DESCRIPTION OF THE TASK
From the line with "- soccer cleat <box>258,470,468,539</box>" through the line with "- box <box>443,288,719,539</box>", repeat the entries verbatim, both end lines included, and add nothing.

===

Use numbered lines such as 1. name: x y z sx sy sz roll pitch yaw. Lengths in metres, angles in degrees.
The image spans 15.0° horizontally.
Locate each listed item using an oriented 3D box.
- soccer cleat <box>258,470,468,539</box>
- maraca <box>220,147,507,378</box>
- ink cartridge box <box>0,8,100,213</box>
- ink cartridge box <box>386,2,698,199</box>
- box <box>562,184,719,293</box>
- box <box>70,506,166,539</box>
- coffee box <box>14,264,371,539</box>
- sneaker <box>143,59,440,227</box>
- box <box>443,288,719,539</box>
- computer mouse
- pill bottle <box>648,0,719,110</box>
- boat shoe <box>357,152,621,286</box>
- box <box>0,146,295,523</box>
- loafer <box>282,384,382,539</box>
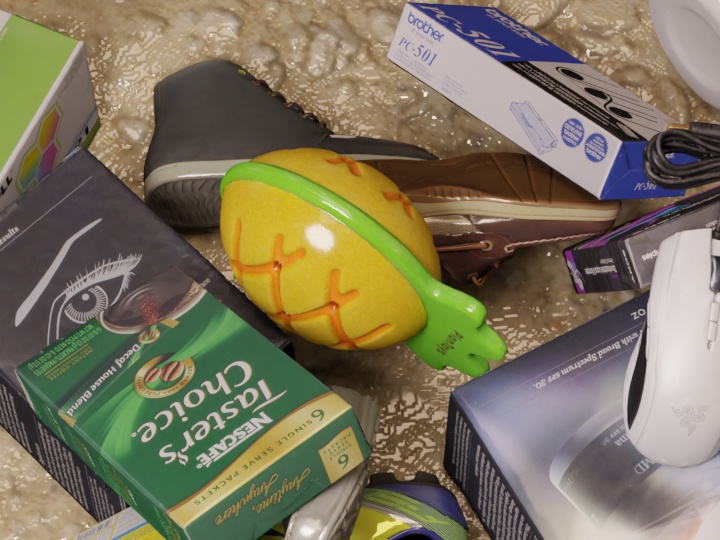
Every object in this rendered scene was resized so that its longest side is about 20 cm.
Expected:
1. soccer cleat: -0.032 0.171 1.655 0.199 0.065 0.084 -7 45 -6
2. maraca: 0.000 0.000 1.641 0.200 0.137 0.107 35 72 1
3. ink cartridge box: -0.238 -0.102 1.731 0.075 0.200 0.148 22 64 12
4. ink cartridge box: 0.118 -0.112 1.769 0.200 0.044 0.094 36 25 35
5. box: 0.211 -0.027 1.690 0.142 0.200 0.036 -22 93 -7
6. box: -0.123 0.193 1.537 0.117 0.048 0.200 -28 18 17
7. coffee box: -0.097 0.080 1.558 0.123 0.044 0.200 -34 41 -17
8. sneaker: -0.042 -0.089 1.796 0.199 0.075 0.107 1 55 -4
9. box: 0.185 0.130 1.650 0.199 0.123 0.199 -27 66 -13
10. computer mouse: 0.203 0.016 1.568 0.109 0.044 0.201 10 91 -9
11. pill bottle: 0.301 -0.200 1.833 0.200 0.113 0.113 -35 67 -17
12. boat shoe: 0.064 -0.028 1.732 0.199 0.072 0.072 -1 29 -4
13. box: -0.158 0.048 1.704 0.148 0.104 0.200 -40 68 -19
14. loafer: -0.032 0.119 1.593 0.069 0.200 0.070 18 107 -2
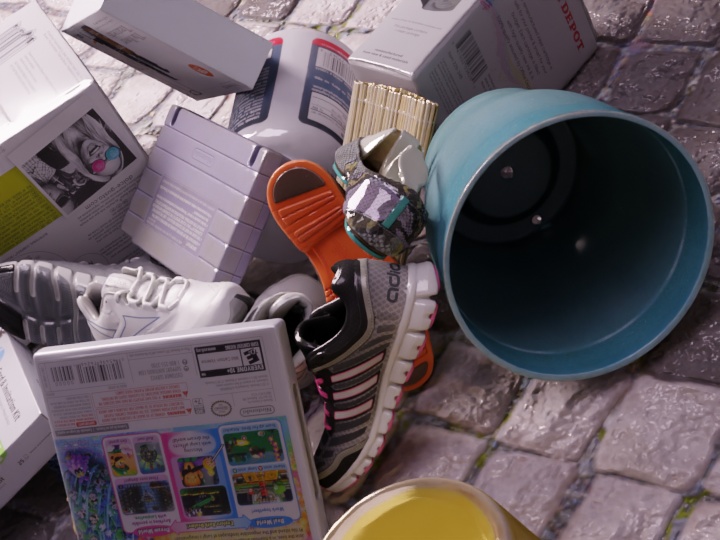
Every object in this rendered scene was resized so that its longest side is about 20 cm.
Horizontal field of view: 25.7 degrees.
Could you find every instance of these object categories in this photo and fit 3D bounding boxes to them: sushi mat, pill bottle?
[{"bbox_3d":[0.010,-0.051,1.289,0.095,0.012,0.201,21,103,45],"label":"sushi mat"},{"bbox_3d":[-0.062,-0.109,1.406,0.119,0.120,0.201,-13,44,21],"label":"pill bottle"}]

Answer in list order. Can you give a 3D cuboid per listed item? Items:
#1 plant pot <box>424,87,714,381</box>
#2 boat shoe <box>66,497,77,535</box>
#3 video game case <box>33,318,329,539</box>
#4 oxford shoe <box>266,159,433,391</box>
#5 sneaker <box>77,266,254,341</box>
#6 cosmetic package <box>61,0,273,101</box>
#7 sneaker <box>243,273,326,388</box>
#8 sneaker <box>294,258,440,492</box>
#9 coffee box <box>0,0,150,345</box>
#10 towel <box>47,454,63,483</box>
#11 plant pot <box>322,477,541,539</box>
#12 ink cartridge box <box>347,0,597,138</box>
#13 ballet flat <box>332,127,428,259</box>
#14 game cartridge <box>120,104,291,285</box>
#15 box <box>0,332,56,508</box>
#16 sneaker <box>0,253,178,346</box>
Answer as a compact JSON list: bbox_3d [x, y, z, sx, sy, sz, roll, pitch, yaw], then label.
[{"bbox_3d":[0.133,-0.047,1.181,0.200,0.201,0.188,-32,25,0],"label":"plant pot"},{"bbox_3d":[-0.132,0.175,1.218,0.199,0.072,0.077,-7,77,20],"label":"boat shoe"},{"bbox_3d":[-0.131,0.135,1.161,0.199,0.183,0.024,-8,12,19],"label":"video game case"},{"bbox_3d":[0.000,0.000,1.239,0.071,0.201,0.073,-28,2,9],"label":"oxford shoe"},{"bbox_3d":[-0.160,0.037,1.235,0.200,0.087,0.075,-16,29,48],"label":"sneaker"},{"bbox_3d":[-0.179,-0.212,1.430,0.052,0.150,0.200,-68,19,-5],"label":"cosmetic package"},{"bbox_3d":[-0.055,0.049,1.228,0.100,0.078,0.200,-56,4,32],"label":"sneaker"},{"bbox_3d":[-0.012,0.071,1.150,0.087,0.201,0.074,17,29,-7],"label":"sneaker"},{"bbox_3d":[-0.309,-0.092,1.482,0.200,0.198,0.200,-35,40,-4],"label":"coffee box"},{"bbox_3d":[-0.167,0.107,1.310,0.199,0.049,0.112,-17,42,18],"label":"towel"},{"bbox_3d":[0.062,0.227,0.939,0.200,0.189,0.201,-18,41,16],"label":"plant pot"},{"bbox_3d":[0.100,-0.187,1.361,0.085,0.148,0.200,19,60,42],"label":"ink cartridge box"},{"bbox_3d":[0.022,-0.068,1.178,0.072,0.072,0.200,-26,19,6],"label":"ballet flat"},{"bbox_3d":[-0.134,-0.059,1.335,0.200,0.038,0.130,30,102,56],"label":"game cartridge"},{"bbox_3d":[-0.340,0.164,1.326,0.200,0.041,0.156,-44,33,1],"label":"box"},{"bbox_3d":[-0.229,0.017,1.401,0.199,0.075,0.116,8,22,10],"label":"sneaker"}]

===

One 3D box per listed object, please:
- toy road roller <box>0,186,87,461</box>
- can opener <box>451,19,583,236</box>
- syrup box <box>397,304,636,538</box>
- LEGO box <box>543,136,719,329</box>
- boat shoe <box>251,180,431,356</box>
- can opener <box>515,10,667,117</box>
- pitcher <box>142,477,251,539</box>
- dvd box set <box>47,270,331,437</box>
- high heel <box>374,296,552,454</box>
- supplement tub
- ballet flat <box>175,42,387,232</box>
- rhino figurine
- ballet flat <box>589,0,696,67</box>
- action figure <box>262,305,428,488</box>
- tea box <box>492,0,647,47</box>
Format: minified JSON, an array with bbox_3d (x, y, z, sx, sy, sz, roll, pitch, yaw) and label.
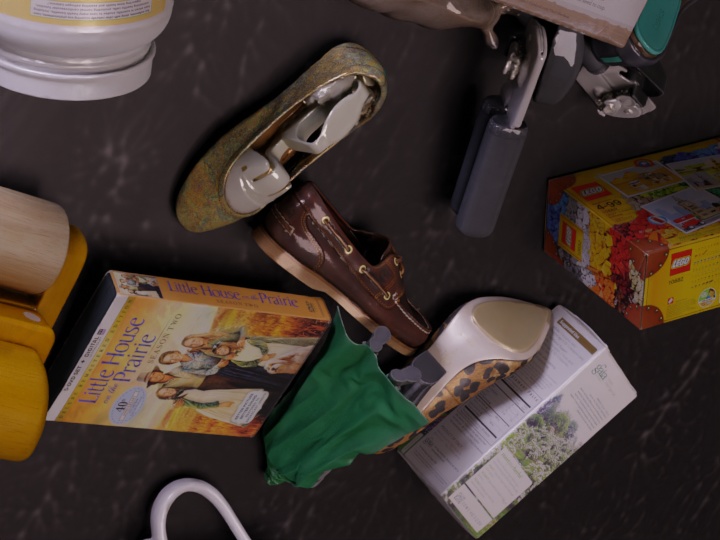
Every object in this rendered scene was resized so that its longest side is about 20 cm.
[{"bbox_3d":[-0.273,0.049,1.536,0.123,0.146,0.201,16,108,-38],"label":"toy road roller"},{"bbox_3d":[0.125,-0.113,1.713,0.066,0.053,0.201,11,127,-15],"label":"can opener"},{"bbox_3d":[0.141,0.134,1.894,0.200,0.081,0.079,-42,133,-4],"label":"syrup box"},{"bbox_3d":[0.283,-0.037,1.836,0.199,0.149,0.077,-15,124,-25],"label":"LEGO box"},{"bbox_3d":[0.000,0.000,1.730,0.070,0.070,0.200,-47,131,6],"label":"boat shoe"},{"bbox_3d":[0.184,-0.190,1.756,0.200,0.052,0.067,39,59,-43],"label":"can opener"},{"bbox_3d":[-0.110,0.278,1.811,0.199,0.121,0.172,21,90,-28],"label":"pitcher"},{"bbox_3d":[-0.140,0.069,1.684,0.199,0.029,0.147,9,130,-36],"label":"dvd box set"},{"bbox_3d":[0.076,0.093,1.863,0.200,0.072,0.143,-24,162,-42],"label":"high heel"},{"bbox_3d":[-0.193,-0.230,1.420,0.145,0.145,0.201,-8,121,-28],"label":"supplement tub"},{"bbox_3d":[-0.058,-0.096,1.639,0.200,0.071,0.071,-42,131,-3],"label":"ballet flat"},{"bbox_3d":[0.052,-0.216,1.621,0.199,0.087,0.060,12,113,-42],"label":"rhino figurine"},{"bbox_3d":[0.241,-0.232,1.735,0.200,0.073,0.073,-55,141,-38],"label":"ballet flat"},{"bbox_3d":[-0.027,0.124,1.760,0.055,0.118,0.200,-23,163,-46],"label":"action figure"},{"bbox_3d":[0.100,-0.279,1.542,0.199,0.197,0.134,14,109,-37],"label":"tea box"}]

===

ANSWER SPACE
- soccer cleat <box>258,470,468,539</box>
- maraca <box>220,147,507,378</box>
- ink cartridge box <box>0,8,100,213</box>
- ink cartridge box <box>386,2,698,199</box>
- box <box>562,184,719,293</box>
- box <box>70,506,166,539</box>
- coffee box <box>14,264,371,539</box>
- sneaker <box>143,59,440,227</box>
- box <box>443,288,719,539</box>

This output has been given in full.